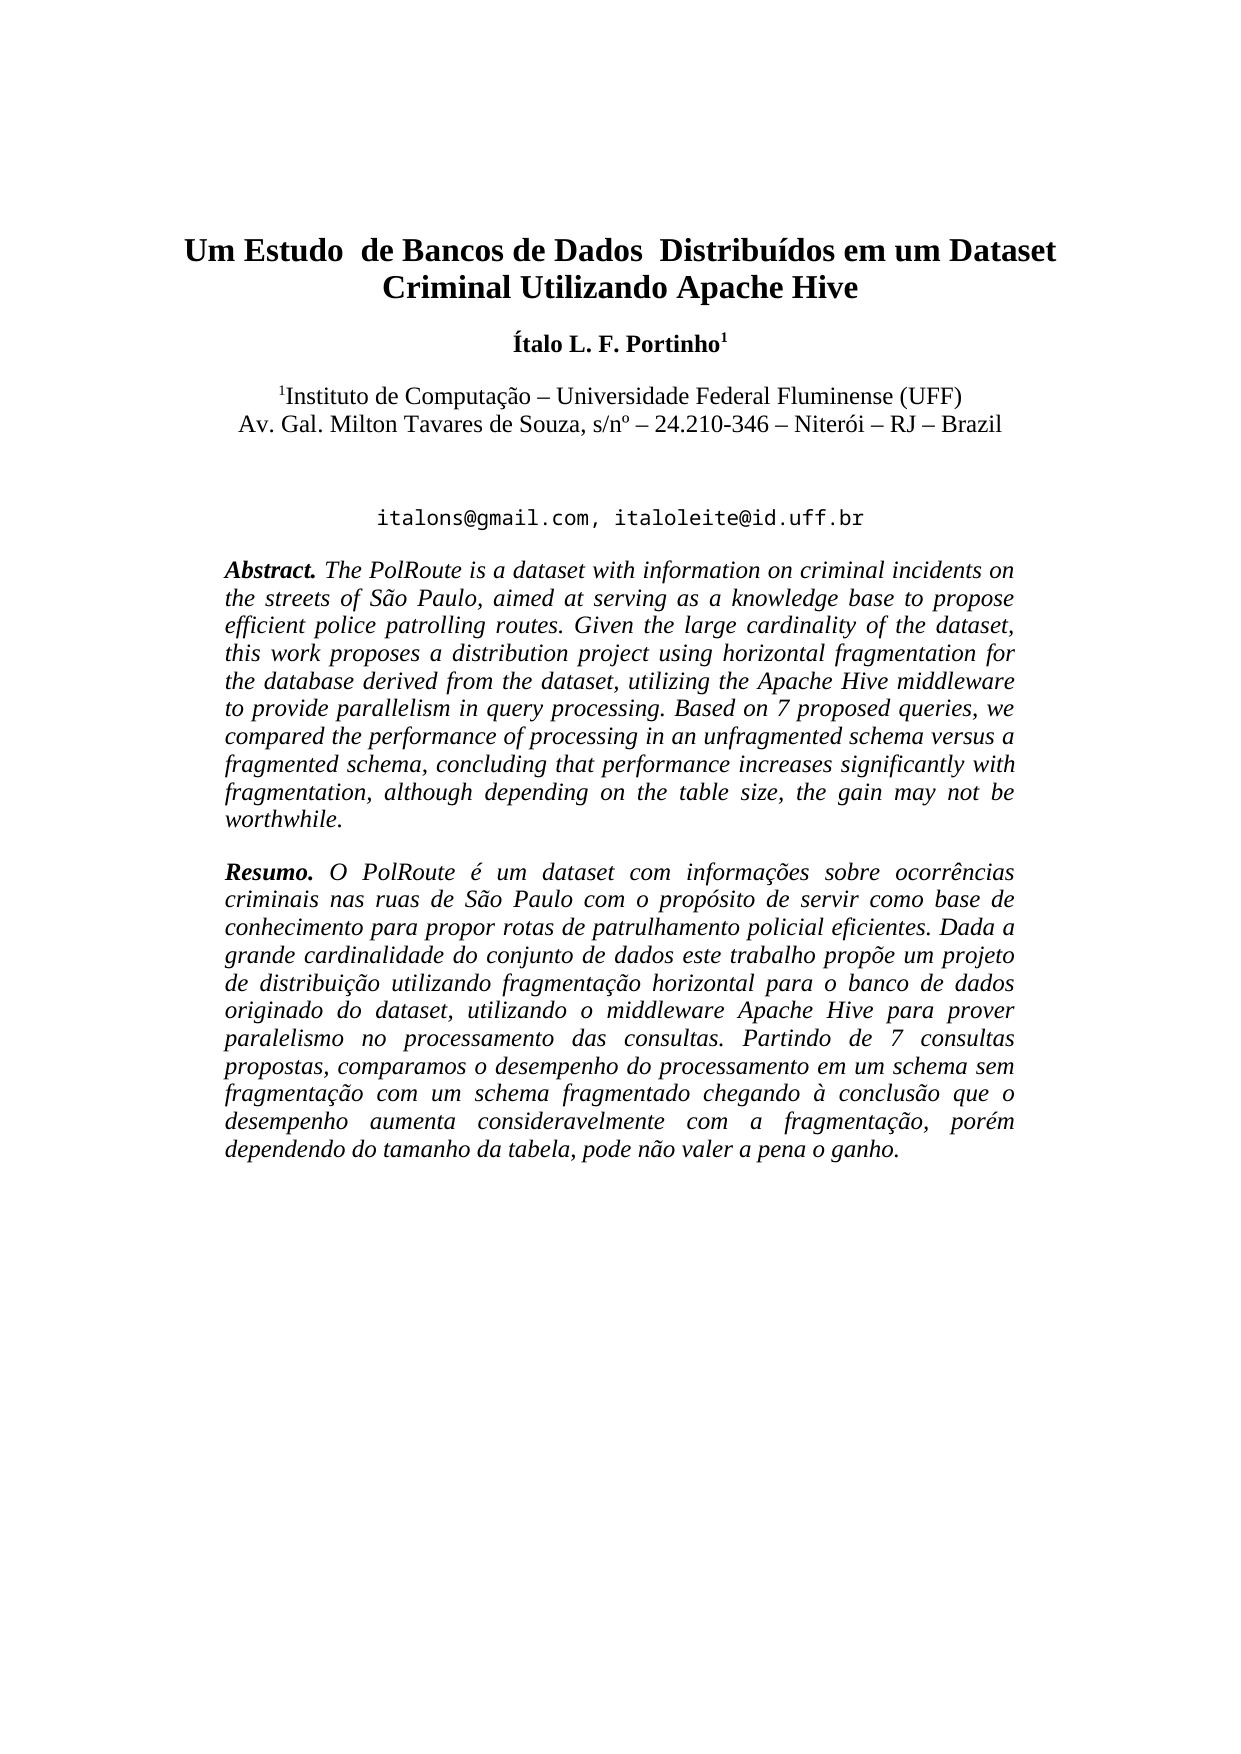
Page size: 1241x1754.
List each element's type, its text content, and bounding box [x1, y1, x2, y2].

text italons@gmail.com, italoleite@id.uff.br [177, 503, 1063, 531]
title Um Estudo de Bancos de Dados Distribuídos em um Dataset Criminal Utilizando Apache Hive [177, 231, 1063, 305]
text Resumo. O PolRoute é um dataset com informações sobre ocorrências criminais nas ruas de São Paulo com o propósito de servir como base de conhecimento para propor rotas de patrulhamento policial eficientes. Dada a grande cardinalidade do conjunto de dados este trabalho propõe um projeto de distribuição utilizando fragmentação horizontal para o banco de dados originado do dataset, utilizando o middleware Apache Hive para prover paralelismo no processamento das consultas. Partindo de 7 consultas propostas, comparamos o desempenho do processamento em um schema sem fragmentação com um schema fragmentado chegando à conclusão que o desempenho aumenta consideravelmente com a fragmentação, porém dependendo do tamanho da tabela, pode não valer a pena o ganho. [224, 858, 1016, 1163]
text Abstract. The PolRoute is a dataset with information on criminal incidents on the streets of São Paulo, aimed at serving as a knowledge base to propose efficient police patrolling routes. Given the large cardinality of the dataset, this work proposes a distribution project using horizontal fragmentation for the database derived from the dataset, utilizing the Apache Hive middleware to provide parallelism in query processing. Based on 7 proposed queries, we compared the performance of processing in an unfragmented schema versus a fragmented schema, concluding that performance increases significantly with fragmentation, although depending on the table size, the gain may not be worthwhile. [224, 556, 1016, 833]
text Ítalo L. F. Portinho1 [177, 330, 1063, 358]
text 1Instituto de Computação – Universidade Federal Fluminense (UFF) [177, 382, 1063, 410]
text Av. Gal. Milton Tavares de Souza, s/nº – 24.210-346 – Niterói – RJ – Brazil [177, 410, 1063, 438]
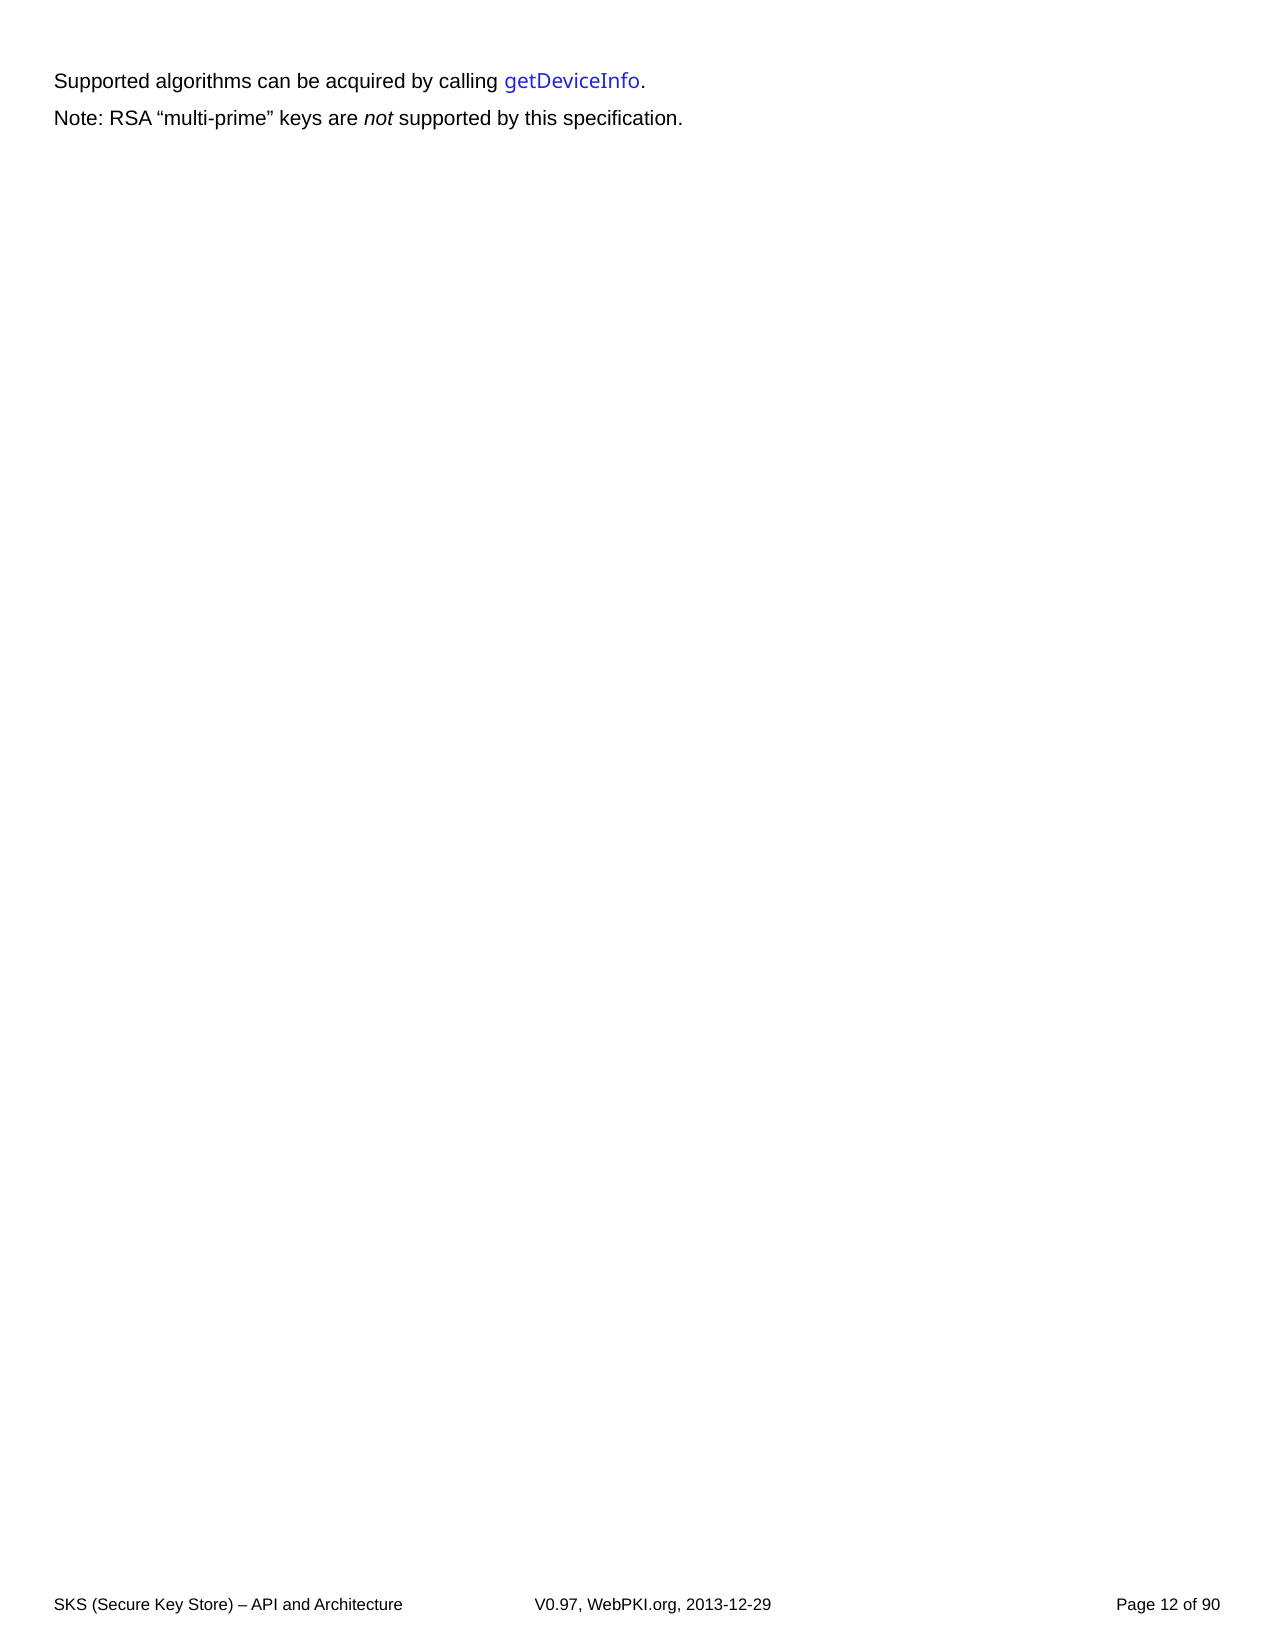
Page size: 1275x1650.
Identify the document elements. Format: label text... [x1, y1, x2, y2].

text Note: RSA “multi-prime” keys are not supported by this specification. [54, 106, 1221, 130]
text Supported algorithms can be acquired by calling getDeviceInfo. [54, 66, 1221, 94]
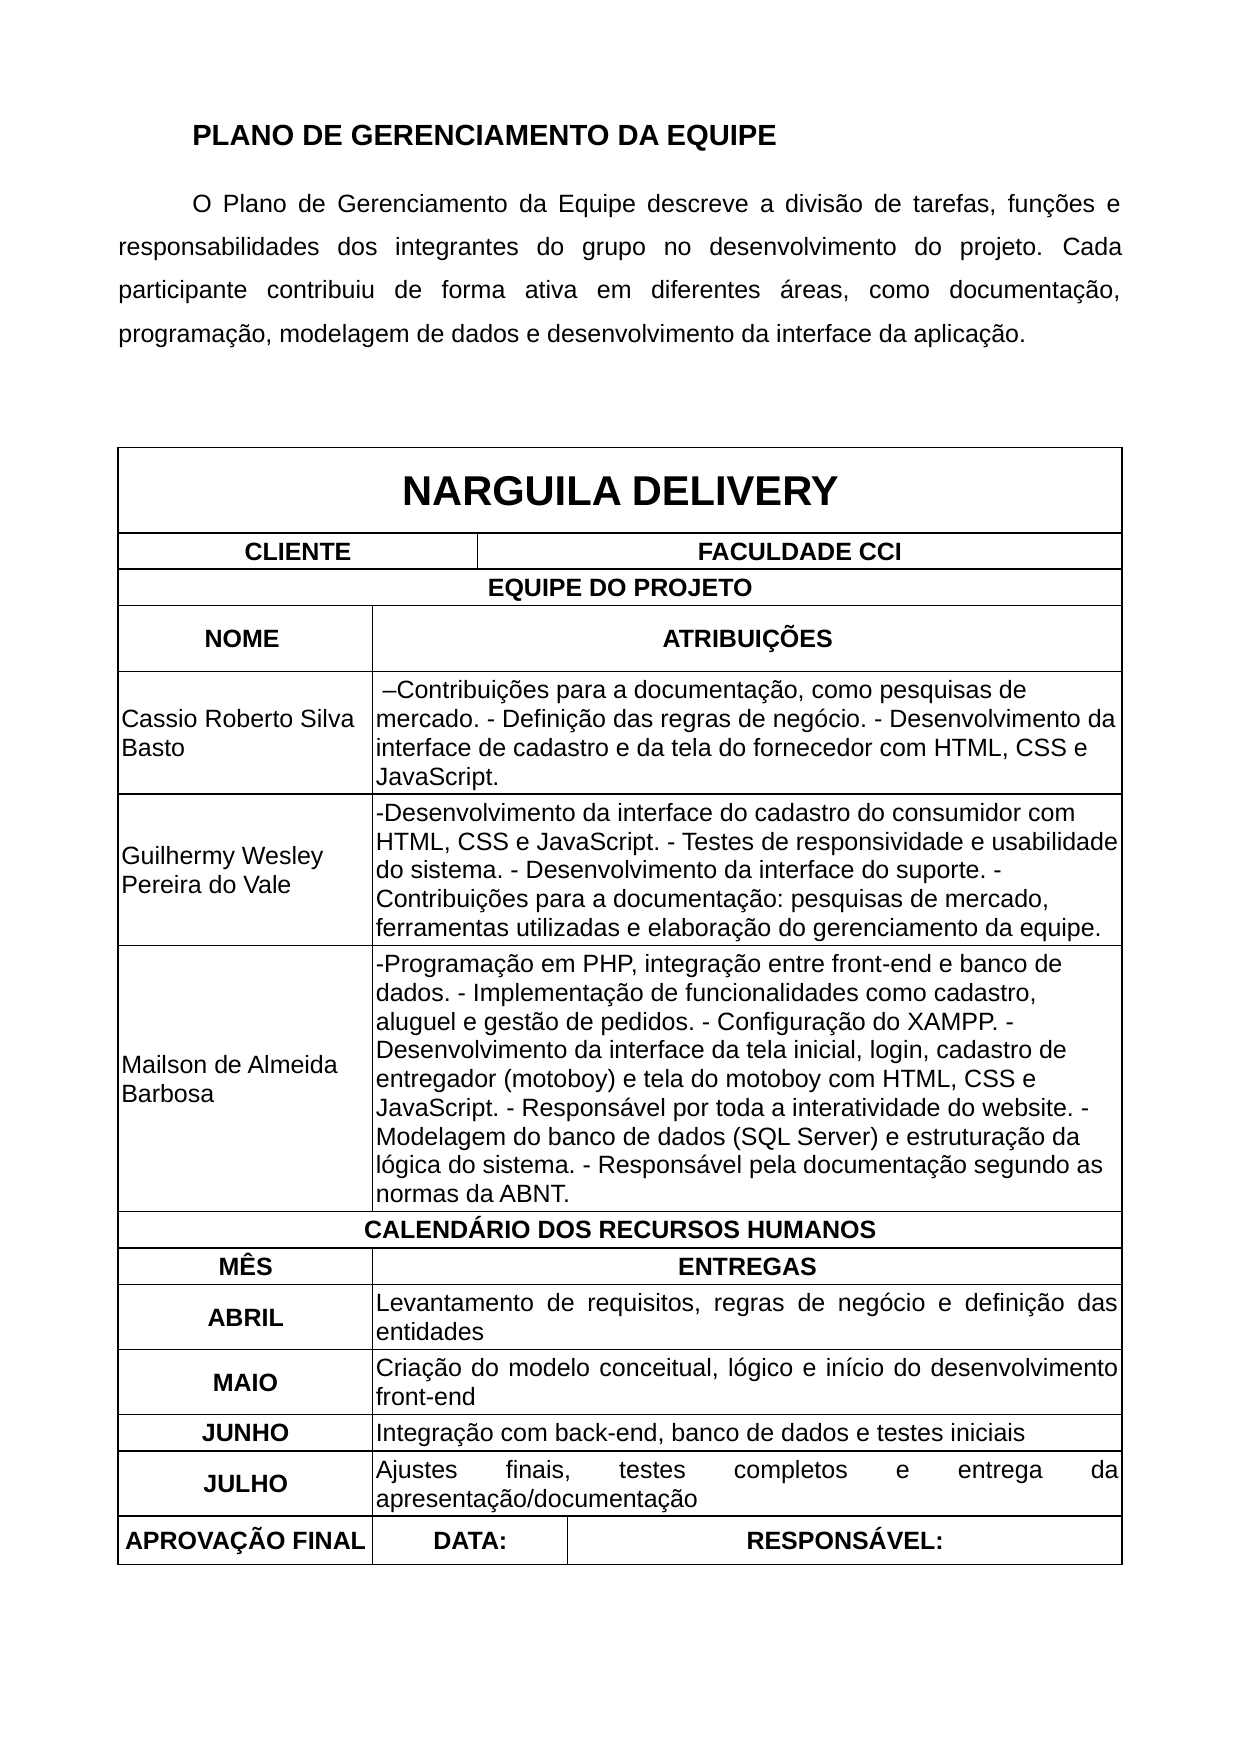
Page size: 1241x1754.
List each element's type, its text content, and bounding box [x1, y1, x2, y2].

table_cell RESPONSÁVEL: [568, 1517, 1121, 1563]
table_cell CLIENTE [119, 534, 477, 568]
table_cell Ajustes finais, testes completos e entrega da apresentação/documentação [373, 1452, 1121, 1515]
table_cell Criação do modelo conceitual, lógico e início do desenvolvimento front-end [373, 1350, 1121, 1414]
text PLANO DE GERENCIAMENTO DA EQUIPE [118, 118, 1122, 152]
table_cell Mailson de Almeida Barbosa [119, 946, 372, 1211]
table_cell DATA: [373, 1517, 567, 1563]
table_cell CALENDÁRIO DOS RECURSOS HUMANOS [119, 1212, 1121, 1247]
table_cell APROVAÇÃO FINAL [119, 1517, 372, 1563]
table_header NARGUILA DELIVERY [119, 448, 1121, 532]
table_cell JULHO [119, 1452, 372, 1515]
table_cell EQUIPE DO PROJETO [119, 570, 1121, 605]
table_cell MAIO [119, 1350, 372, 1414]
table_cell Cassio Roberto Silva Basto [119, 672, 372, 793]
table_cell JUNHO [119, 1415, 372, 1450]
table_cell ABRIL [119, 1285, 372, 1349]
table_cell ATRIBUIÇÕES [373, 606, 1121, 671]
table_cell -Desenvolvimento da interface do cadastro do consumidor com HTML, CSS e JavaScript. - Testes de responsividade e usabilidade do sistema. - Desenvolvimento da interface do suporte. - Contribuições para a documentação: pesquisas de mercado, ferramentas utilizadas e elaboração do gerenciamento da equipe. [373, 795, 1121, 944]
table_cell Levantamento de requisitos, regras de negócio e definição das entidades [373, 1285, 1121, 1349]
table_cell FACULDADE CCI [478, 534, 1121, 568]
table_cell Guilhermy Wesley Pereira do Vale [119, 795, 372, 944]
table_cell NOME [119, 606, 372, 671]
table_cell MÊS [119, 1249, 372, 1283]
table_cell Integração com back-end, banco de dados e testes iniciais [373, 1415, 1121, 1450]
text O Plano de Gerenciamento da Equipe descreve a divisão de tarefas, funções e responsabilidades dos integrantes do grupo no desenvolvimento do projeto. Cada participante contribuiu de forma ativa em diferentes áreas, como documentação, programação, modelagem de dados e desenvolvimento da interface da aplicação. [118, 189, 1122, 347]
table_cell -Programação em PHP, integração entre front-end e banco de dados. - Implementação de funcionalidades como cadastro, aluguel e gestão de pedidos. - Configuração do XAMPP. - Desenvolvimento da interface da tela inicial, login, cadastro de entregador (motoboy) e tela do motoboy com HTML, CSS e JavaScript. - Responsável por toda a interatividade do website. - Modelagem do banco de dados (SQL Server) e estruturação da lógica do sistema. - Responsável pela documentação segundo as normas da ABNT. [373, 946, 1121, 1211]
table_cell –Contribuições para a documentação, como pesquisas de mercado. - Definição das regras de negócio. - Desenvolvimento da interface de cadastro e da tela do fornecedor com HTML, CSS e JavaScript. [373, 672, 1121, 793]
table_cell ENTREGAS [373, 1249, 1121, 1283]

++++

▶ [Task description]:
The lines above from the one containing "table_cell EQUIPE DO" through the one containing "table_cell ATRIBUIÇÕES [373, 606, 1121, 671]" are to be set down exactly, and no others.

▶ [Solution to this problem]:
table_cell EQUIPE DO PROJETO [119, 570, 1121, 605]
table_cell MAIO [119, 1350, 372, 1414]
table_cell Cassio Roberto Silva Basto [119, 672, 372, 793]
table_cell JUNHO [119, 1415, 372, 1450]
table_cell ABRIL [119, 1285, 372, 1349]
table_cell ATRIBUIÇÕES [373, 606, 1121, 671]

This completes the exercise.